== Exercise ==
Each record should reappear exactly in your answer, minus any picture.

== Supplied data ==

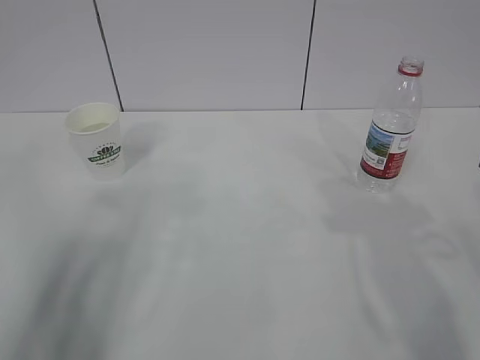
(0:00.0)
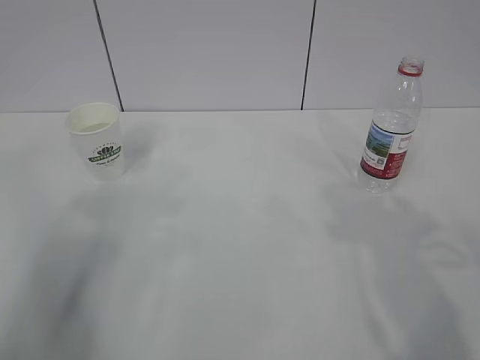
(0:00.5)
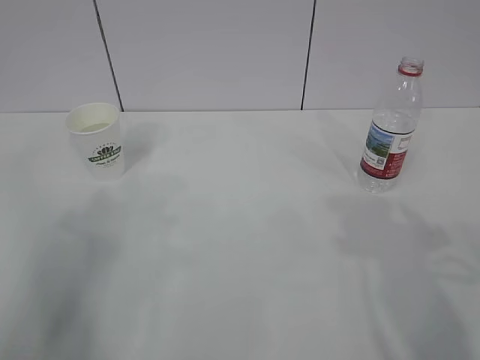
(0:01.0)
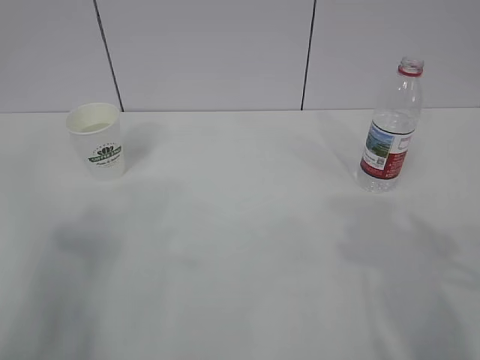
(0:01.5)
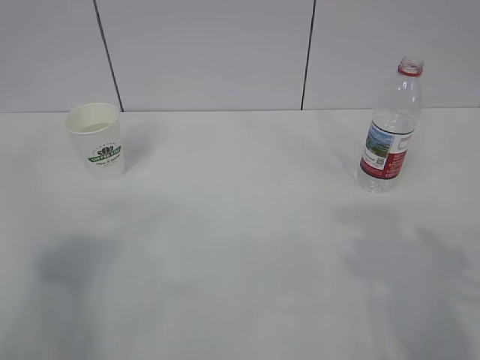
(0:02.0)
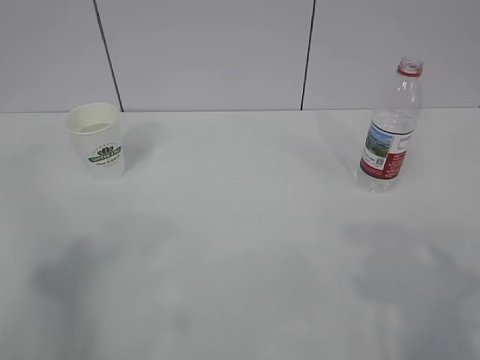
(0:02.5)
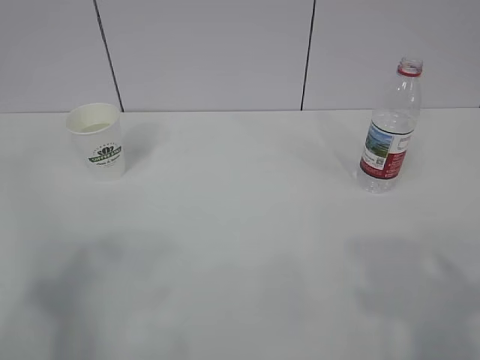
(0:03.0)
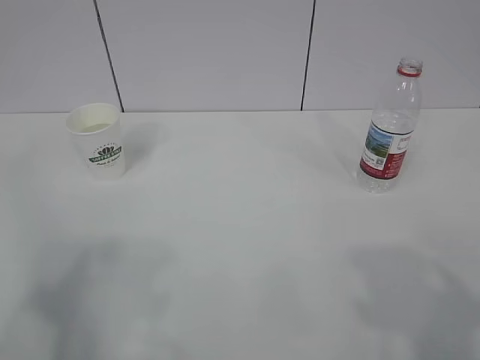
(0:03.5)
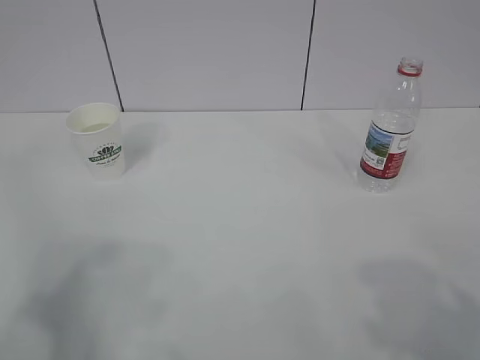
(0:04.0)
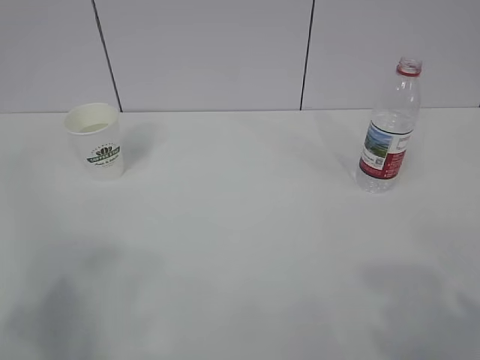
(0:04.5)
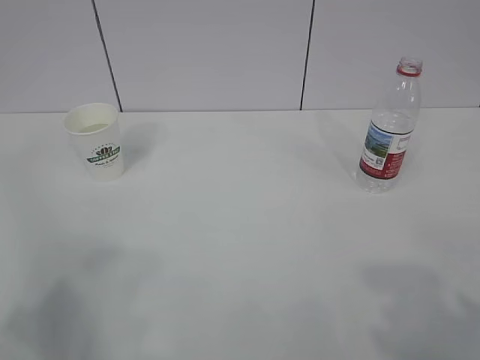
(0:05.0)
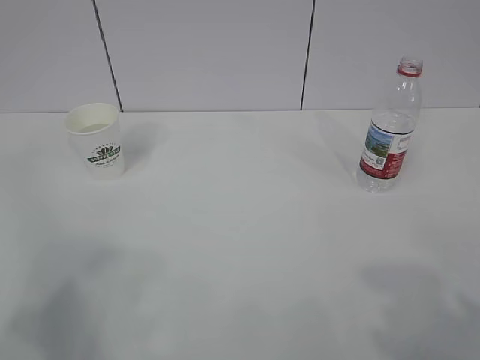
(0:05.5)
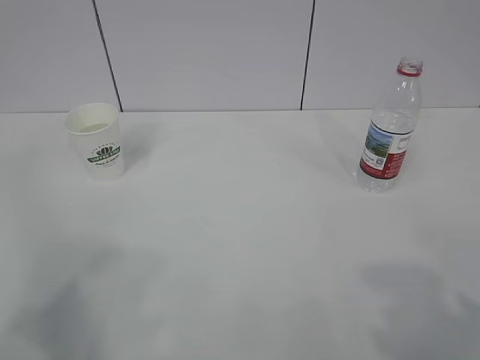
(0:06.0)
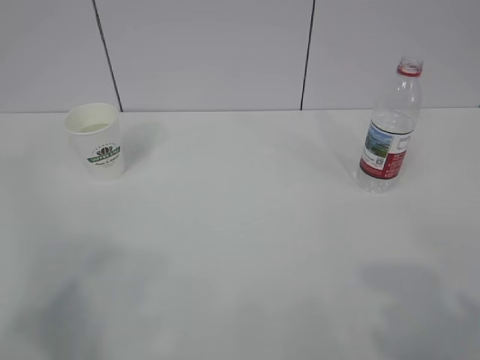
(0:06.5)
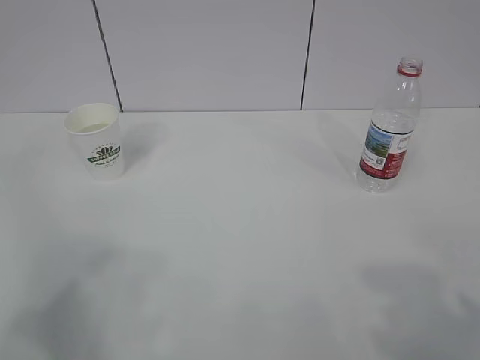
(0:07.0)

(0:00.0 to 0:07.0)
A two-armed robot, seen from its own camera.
0:05.0 - 0:07.0: Neither gripper changes place.

== Reply to the task ==
(0:00.0)
(0:00.5)
(0:01.0)
(0:01.5)
(0:02.0)
(0:02.5)
(0:03.0)
(0:03.5)
(0:04.0)
(0:04.5)
(0:05.0)
(0:05.5)
(0:06.0)
(0:06.5)
(0:07.0)

(0:00.0 to 0:07.0)
A two-armed robot, seen from its own camera.
0:05.0 - 0:07.0: Neither gripper changes place.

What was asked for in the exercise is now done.